3. What happened to the other three legs?
I’ll do what I can to address the first two, but the third I can only speculate. Born that way? Lopped off in a fight? Blown away in a bad wind storm? It’s possible I even slid them off in my klutz amado kerfuffling every day.
All I can say is that’s how he was when I met him and given the real estate his orb-shaped web occupies and how he fares during wind/rain storms, I think he’s done very well for himself despite having like 30% less legs than his brethren (p.s. I know he is not a female, because apparently those are the ones with the red/purplish belly jewels).
I’d like to say I befriended him because of this leg-lack, as a sort of moral obligation, but in fact, I was simply talking to him as a way to disarm a lifelong fear of spiders—the kind of fear that has gradually had to decline with visits to the bug shrine at Kenchoji and the sheer volume of large, hand-sized huntsman spiders that occasionally roam the halls of corridors across Kamakura and Japanese countryside writ-large.
I screamed at my first huntsman sighting and was promptly told that it was lucky to have one in the house. After all, they prey on cockroaches (nuisances) and centipedes (actual threat) as a kind of destroyer of all creepy-crawly evils. Nature’s rumbas, let’s say. Tank in the abode.
Slidey, though, is a Joro spider. Large and native to these parts, they have in recent years made their way to the United States, causing headlines about nightmare fodder. His neon body and long legs have a disco-enchanting aura and up until the past few months, I’d been far too paralyzed by fear to have looked them up, preferring to remain oblivious to danger and keep my dreams nightmare-free. It was only when I started chatting up Slidey and was encouraged by a long-time Kamakura resident to get familiar that I promptly did so.
And, how. You see, in Japan spiders are—as my keitai Japanese sensei explained in a newsletter of their own this week—お釈迦さまのお使い—aka messengers of the Buddha. Not just auspicious. Downright holy.
Here I was fearing them my whole life, no wonder it took so long for the dharma to sink in. Except, I don’t think I’m alone. I’ve had multiple foreign guests. All of whom are well-and-man’d up in the real world but shutter at the webs with dangly neon ornaments inside.
Yet I’ve found a little chatting, a little naming, and some long-overdue research has gone a long way. Long enough to find out they are messengers of the Buddha, in fact.
And what is the message of a five-legged spider?

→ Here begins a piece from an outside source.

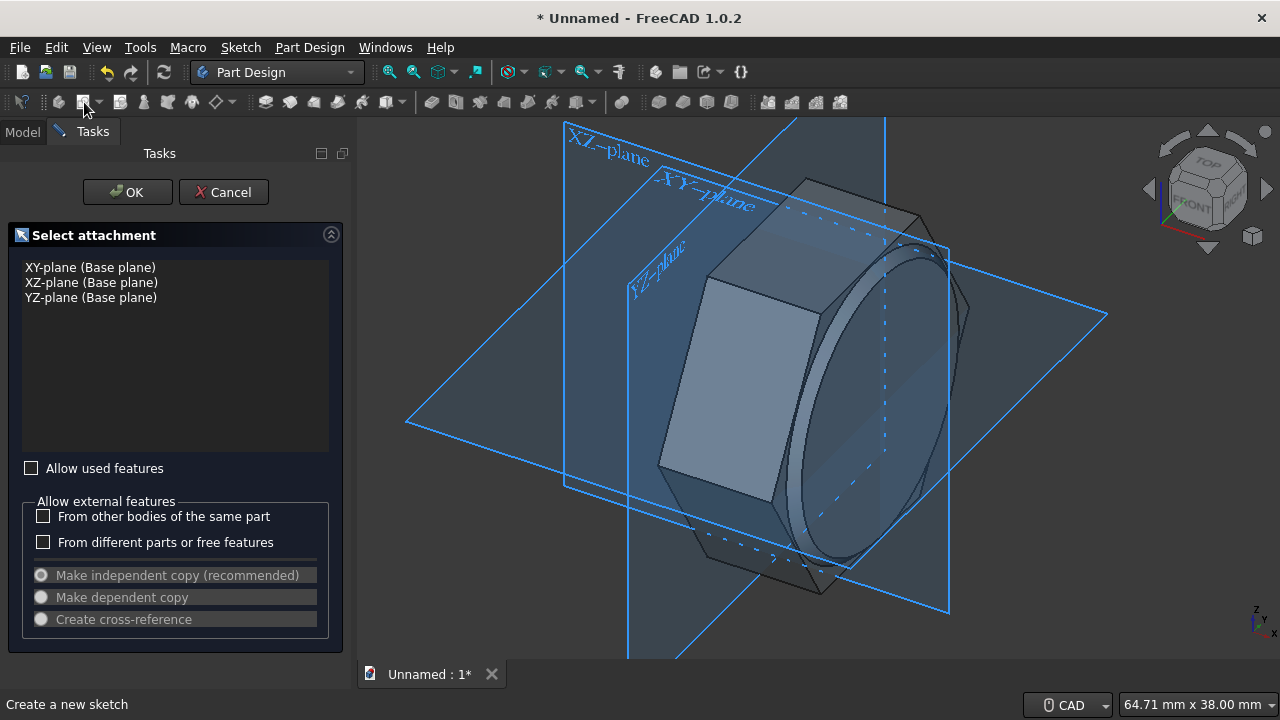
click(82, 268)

Another way of asking the question: how could I pass up a chance to befriend perhaps the only 5-legged spider I’ll ever see? Guy is a celebrity, a legend, as far as I’m concerned. The least I could do is immortalize him in this here dispatch—after all, his lifecycle will be over soon, from what I gather, he will be gone by winter for good. So, let’s toast to Slidey, the five legged spidey, my first proper insect sensei.

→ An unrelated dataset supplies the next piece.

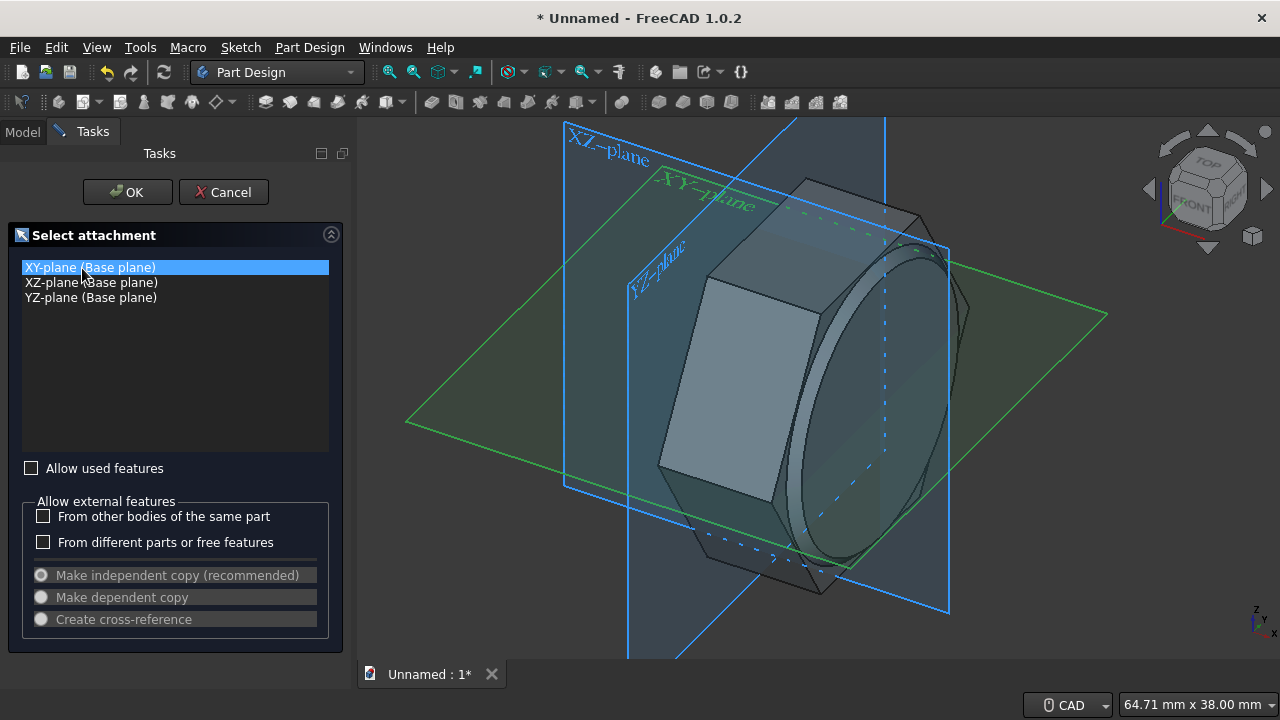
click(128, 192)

I hereby promise, even as his web grows more ambitious by the day, that I shall not tinker with his trap even if I have to duck, or even crawl under it to properly operate the amado routine. The least I can do for this brave soul. And thanks to the friend who yelled at their child for squishing an ant indiscriminately with their finger that first reminded me: bugs are satient beings too. And if I am to liberate them all—from my shit—I gotta stop squashing their bodies and habitats.
So come on down mosquiteeez, take my blood, if you must. But I will squish you if you attack the soft flesh of my spawns. Thems the rules, I’ve been told.

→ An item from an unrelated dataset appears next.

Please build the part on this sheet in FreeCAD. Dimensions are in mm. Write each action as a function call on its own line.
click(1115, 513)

I know what you’re thinking. It’s been too long between newsletters to suddenly subject my dear readers to esoteric bug stuff, but it’s been wavy over here. First baby fevers. Hand foot mouth diseases. Daycare shuttles. Chapter deadlines. Emotions nearly boiling over like unmonitored kettles.



And yet, so much curiosity too. A screening of Dancing with the Dead: Red Pine and the Art of Translation—thanks to my fellow Subtea Subterfugist Nick Herman of Kaleidoscopic Mind fame— a documentary that would delight any tea lover (even GTH has a dian hong in his honor, fitting as he does drink some DH to kick off the film).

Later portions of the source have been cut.